-- Opening Marker --
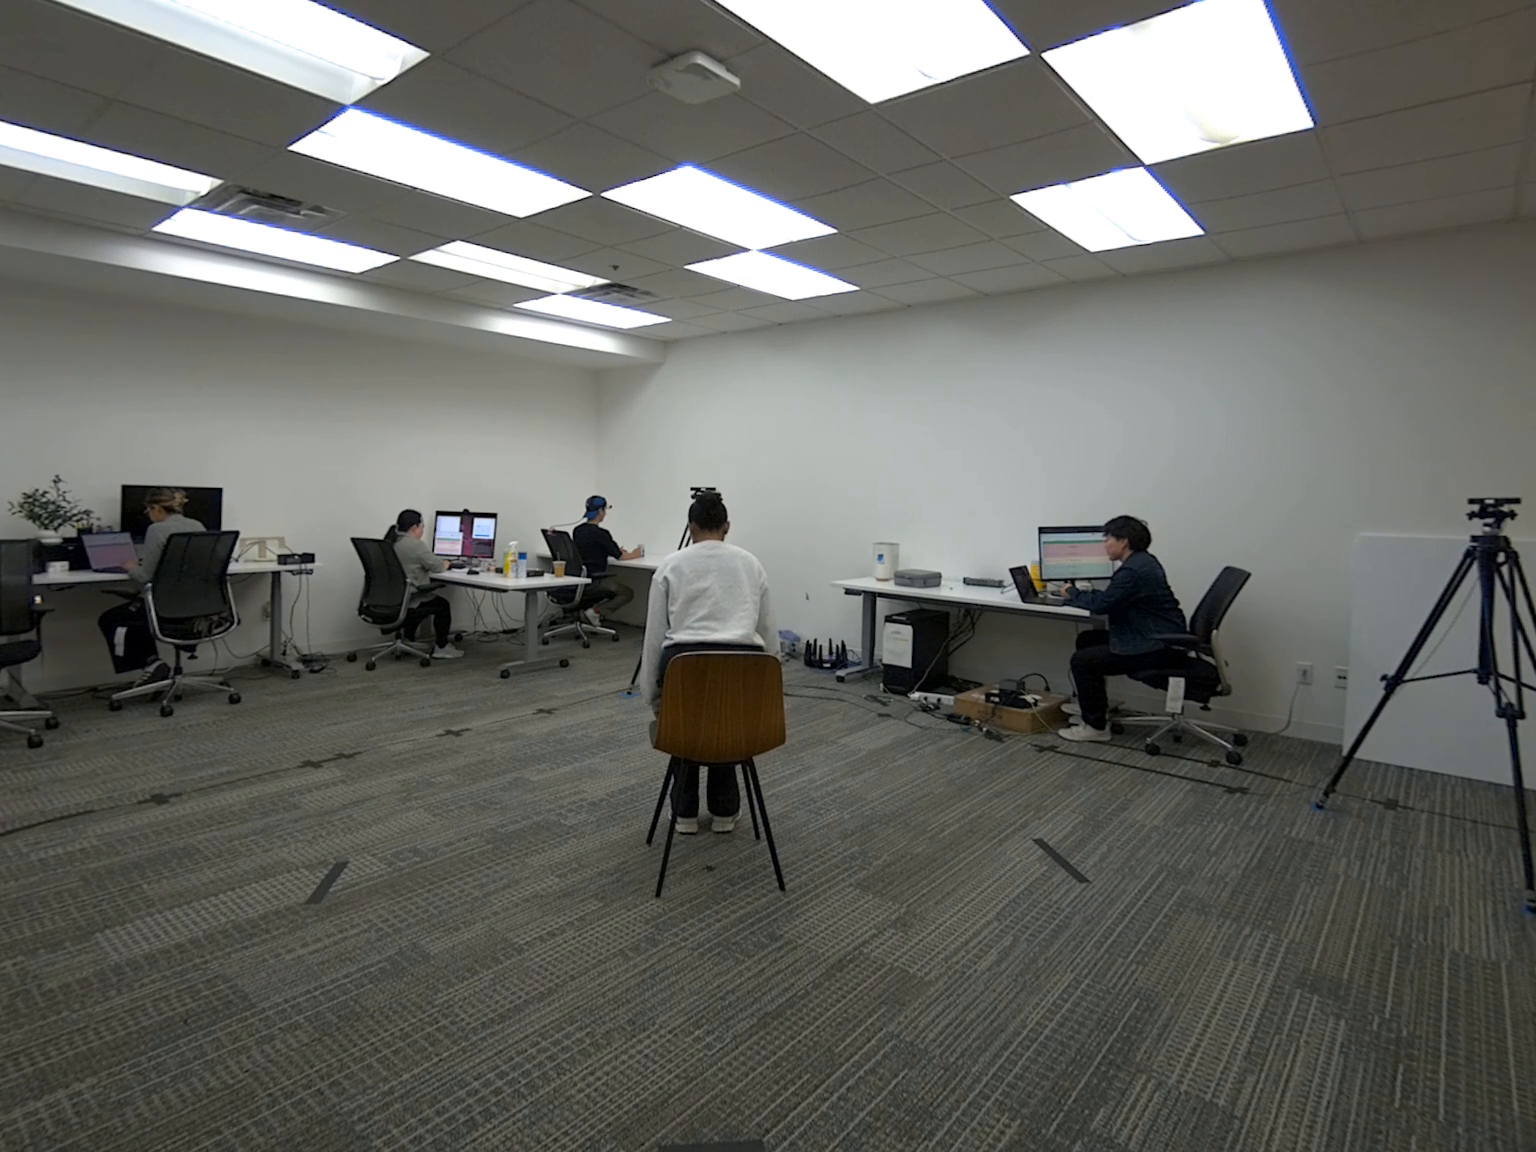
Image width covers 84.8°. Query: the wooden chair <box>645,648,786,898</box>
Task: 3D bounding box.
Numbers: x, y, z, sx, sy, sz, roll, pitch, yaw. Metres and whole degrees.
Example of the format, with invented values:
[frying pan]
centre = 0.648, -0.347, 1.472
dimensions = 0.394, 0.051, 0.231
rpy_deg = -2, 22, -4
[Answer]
[wooden chair]
centre = -0.208, 0.635, 3.110
dimensions = 0.473, 0.872, 0.532
rpy_deg = 0, 7, -11
-- Closing Marker --
§ Task
Find "centre = 0.648, -0.347, 1.472" in the records above. Repeat its line and every later line exactly, through the last one.

§ Answer to this task
centre = 0.648, -0.347, 1.472
dimensions = 0.394, 0.051, 0.231
rpy_deg = -2, 22, -4
[Answer]
[wooden chair]
centre = -0.208, 0.635, 3.110
dimensions = 0.473, 0.872, 0.532
rpy_deg = 0, 7, -11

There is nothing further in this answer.